## PROBLEM REQUIREMENTS
Repeat every entry, word for word, leaving no line out.

▶

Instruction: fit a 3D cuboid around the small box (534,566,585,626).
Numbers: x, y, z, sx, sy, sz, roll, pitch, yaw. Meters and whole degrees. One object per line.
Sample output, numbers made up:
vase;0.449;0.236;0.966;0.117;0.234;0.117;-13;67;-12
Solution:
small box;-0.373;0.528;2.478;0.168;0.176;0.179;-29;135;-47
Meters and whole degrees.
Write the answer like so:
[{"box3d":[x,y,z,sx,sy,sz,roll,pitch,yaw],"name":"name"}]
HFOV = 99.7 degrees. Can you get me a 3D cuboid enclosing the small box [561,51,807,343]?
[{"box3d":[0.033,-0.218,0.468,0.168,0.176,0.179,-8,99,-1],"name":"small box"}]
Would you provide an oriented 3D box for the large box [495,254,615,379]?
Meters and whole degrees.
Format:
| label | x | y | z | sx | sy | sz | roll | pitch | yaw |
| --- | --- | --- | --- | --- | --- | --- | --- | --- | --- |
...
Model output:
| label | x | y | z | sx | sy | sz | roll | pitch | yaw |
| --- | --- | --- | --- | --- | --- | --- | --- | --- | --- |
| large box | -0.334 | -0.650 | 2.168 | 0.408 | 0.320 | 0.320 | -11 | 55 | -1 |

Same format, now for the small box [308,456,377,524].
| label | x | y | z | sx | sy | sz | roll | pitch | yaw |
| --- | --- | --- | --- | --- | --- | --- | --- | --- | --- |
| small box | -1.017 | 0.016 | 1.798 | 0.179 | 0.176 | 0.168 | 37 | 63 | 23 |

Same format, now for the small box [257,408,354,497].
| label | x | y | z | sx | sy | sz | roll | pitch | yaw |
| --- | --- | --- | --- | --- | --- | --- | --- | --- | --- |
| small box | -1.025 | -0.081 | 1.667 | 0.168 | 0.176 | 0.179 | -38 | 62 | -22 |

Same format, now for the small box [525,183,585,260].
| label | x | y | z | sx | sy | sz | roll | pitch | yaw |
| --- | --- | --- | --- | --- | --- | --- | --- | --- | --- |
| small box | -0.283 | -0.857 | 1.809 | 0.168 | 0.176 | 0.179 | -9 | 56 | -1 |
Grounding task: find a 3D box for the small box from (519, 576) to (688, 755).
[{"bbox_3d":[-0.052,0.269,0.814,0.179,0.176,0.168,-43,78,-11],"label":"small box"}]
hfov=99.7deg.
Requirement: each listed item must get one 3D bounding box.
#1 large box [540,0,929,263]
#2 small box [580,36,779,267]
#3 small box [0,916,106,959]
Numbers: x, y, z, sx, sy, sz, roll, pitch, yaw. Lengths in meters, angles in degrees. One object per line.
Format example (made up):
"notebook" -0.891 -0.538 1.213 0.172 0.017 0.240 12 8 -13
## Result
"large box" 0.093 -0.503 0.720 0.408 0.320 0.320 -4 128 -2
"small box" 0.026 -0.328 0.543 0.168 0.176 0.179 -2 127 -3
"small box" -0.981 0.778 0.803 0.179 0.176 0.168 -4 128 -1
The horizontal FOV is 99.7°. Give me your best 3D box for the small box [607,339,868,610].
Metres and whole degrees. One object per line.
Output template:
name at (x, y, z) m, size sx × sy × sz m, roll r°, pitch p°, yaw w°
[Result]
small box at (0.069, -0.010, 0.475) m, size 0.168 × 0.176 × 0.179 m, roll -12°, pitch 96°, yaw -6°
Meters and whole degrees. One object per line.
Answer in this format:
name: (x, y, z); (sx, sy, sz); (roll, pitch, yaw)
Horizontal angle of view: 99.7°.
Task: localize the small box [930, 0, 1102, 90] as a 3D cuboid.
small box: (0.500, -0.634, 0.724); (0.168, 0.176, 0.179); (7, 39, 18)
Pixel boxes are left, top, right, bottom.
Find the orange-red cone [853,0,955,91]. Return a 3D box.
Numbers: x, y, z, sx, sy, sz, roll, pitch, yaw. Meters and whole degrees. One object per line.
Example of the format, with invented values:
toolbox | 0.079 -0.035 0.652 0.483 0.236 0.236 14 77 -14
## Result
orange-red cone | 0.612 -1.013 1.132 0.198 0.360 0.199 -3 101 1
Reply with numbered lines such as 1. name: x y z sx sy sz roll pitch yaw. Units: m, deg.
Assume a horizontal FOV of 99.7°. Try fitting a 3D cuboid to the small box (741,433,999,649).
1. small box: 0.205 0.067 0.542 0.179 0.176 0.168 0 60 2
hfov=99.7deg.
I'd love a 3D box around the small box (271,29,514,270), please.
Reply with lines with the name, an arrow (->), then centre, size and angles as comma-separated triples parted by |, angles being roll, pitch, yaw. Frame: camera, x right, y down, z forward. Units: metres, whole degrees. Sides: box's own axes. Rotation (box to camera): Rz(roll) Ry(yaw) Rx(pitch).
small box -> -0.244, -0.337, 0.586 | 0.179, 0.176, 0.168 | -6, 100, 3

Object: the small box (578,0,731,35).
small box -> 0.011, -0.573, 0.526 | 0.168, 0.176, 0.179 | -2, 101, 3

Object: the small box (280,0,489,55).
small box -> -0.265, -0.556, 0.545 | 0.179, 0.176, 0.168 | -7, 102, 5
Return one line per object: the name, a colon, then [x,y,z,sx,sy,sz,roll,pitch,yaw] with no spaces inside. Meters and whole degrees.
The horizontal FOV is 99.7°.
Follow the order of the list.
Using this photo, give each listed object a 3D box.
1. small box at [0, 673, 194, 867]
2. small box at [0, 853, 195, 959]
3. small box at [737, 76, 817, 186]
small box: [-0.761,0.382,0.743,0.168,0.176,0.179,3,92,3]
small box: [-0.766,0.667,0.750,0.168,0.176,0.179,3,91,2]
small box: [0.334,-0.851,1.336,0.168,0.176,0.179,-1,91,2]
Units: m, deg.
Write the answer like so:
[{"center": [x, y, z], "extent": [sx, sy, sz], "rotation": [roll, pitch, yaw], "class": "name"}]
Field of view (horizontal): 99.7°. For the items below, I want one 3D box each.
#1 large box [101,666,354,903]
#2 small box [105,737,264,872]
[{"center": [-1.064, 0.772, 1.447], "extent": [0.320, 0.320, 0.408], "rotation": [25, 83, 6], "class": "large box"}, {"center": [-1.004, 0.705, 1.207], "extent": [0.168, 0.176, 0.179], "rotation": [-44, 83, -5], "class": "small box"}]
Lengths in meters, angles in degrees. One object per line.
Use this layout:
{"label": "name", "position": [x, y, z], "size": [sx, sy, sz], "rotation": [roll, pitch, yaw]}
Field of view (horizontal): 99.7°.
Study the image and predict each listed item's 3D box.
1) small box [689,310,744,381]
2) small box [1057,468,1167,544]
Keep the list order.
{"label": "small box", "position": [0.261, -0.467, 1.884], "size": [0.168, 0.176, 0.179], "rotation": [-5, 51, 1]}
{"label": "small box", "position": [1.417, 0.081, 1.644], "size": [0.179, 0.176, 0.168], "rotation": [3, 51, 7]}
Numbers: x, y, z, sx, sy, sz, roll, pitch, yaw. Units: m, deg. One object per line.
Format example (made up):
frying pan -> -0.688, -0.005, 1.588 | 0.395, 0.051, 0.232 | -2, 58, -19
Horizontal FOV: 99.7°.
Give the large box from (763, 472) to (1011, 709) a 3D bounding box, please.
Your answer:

◀

## ANSWER SECTION
Instruction: fit a 3D cuboid around the small box (534,566,585,626).
Numbers: x, y, z, sx, sy, sz, roll, pitch, yaw. Meters and whole degrees. One object per line.
Sample output, numbers made up:
vase;0.449;0.236;0.966;0.117;0.234;0.117;-13;67;-12
Solution:
small box;-0.373;0.528;2.478;0.168;0.176;0.179;-29;135;-47
Meters and whole degrees.
Write the answer like so:
[{"box3d":[x,y,z,sx,sy,sz,roll,pitch,yaw],"name":"name"}]
HFOV = 99.7 degrees. Can you get me a 3D cuboid enclosing the small box [561,51,807,343]?
[{"box3d":[0.033,-0.218,0.468,0.168,0.176,0.179,-8,99,-1],"name":"small box"}]
Would you provide an oriented 3D box for the large box [495,254,615,379]?
Meters and whole degrees.
Format:
| label | x | y | z | sx | sy | sz | roll | pitch | yaw |
| --- | --- | --- | --- | --- | --- | --- | --- | --- | --- |
...
Model output:
| label | x | y | z | sx | sy | sz | roll | pitch | yaw |
| --- | --- | --- | --- | --- | --- | --- | --- | --- | --- |
| large box | -0.334 | -0.650 | 2.168 | 0.408 | 0.320 | 0.320 | -11 | 55 | -1 |

Same format, now for the small box [308,456,377,524].
| label | x | y | z | sx | sy | sz | roll | pitch | yaw |
| --- | --- | --- | --- | --- | --- | --- | --- | --- | --- |
| small box | -1.017 | 0.016 | 1.798 | 0.179 | 0.176 | 0.168 | 37 | 63 | 23 |

Same format, now for the small box [257,408,354,497].
| label | x | y | z | sx | sy | sz | roll | pitch | yaw |
| --- | --- | --- | --- | --- | --- | --- | --- | --- | --- |
| small box | -1.025 | -0.081 | 1.667 | 0.168 | 0.176 | 0.179 | -38 | 62 | -22 |

Same format, now for the small box [525,183,585,260].
| label | x | y | z | sx | sy | sz | roll | pitch | yaw |
| --- | --- | --- | --- | --- | --- | --- | --- | --- | --- |
| small box | -0.283 | -0.857 | 1.809 | 0.168 | 0.176 | 0.179 | -9 | 56 | -1 |
Grounding task: find a 3D box for the small box from (519, 576) to (688, 755).
[{"bbox_3d":[-0.052,0.269,0.814,0.179,0.176,0.168,-43,78,-11],"label":"small box"}]
hfov=99.7deg.
Requirement: each listed item must get one 3D bounding box.
#1 large box [540,0,929,263]
#2 small box [580,36,779,267]
#3 small box [0,916,106,959]
Numbers: x, y, z, sx, sy, sz, roll, pitch, yaw. Lengths in meters, angles in degrees. One object per line.
Format example (made up):
"notebook" -0.891 -0.538 1.213 0.172 0.017 0.240 12 8 -13
## Result
"large box" 0.093 -0.503 0.720 0.408 0.320 0.320 -4 128 -2
"small box" 0.026 -0.328 0.543 0.168 0.176 0.179 -2 127 -3
"small box" -0.981 0.778 0.803 0.179 0.176 0.168 -4 128 -1
The horizontal FOV is 99.7°. Give me your best 3D box for the small box [607,339,868,610].
Metres and whole degrees. One object per line.
Output template:
name at (x, y, z) m, size sx × sy × sz m, roll r°, pitch p°, yaw w°
[Result]
small box at (0.069, -0.010, 0.475) m, size 0.168 × 0.176 × 0.179 m, roll -12°, pitch 96°, yaw -6°
Meters and whole degrees. One object per line.
Answer in this format:
name: (x, y, z); (sx, sy, sz); (roll, pitch, yaw)
Horizontal angle of view: 99.7°.
Task: localize the small box [930, 0, 1102, 90] as a 3D cuboid.
small box: (0.500, -0.634, 0.724); (0.168, 0.176, 0.179); (7, 39, 18)
Pixel boxes are left, top, right, bottom.
Find the orange-red cone [853,0,955,91]. Return a 3D box.
Numbers: x, y, z, sx, sy, sz, roll, pitch, yaw. Meters and whole degrees. One object per line.
Example of the format, with invented values:
toolbox | 0.079 -0.035 0.652 0.483 0.236 0.236 14 77 -14
## Result
orange-red cone | 0.612 -1.013 1.132 0.198 0.360 0.199 -3 101 1
Reply with numbered lines such as 1. name: x y z sx sy sz roll pitch yaw. Units: m, deg.
Assume a horizontal FOV of 99.7°. Try fitting a 3D cuboid to the small box (741,433,999,649).
1. small box: 0.205 0.067 0.542 0.179 0.176 0.168 0 60 2
hfov=99.7deg.
I'd love a 3D box around the small box (271,29,514,270), please.
Reply with lines with the name, an arrow (->), then centre, size and angles as comma-separated triples parted by |, angles being roll, pitch, yaw. Frame: camera, x right, y down, z forward. Units: metres, whole degrees. Sides: box's own axes. Rotation (box to camera): Rz(roll) Ry(yaw) Rx(pitch).
small box -> -0.244, -0.337, 0.586 | 0.179, 0.176, 0.168 | -6, 100, 3

Object: the small box (578,0,731,35).
small box -> 0.011, -0.573, 0.526 | 0.168, 0.176, 0.179 | -2, 101, 3

Object: the small box (280,0,489,55).
small box -> -0.265, -0.556, 0.545 | 0.179, 0.176, 0.168 | -7, 102, 5
Return one line per object: the name, a colon, then [x,y,z,sx,sy,sz,roll,pitch,yaw] with no spaces inside. Meters and whole degrees.
The horizontal FOV is 99.7°.
Follow the order of the list.
Using this photo, give each listed object a 3D box.
1. small box at [0, 673, 194, 867]
2. small box at [0, 853, 195, 959]
3. small box at [737, 76, 817, 186]
small box: [-0.761,0.382,0.743,0.168,0.176,0.179,3,92,3]
small box: [-0.766,0.667,0.750,0.168,0.176,0.179,3,91,2]
small box: [0.334,-0.851,1.336,0.168,0.176,0.179,-1,91,2]
Units: m, deg.
Write the answer like so:
[{"center": [x, y, z], "extent": [sx, sy, sz], "rotation": [roll, pitch, yaw], "class": "name"}]
Field of view (horizontal): 99.7°. For the items below, I want one 3D box each.
#1 large box [101,666,354,903]
#2 small box [105,737,264,872]
[{"center": [-1.064, 0.772, 1.447], "extent": [0.320, 0.320, 0.408], "rotation": [25, 83, 6], "class": "large box"}, {"center": [-1.004, 0.705, 1.207], "extent": [0.168, 0.176, 0.179], "rotation": [-44, 83, -5], "class": "small box"}]
Lengths in meters, angles in degrees. One object per line.
Use this layout:
{"label": "name", "position": [x, y, z], "size": [sx, sy, sz], "rotation": [roll, pitch, yaw]}
Field of view (horizontal): 99.7°.
Study the image and predict each listed item's 3D box.
1) small box [689,310,744,381]
2) small box [1057,468,1167,544]
Keep the list order.
{"label": "small box", "position": [0.261, -0.467, 1.884], "size": [0.168, 0.176, 0.179], "rotation": [-5, 51, 1]}
{"label": "small box", "position": [1.417, 0.081, 1.644], "size": [0.179, 0.176, 0.168], "rotation": [3, 51, 7]}
Numbers: x, y, z, sx, sy, sz, roll, pitch, yaw. Units: m, deg. One object per line.
Format example (made up):
frying pan -> -0.688, -0.005, 1.588 | 0.395, 0.051, 0.232 | -2, 58, -19
Horizontal FOV: 99.7°.
Give the large box from (763, 472) to (1011, 709) a 3D bounding box, please.
Your answer:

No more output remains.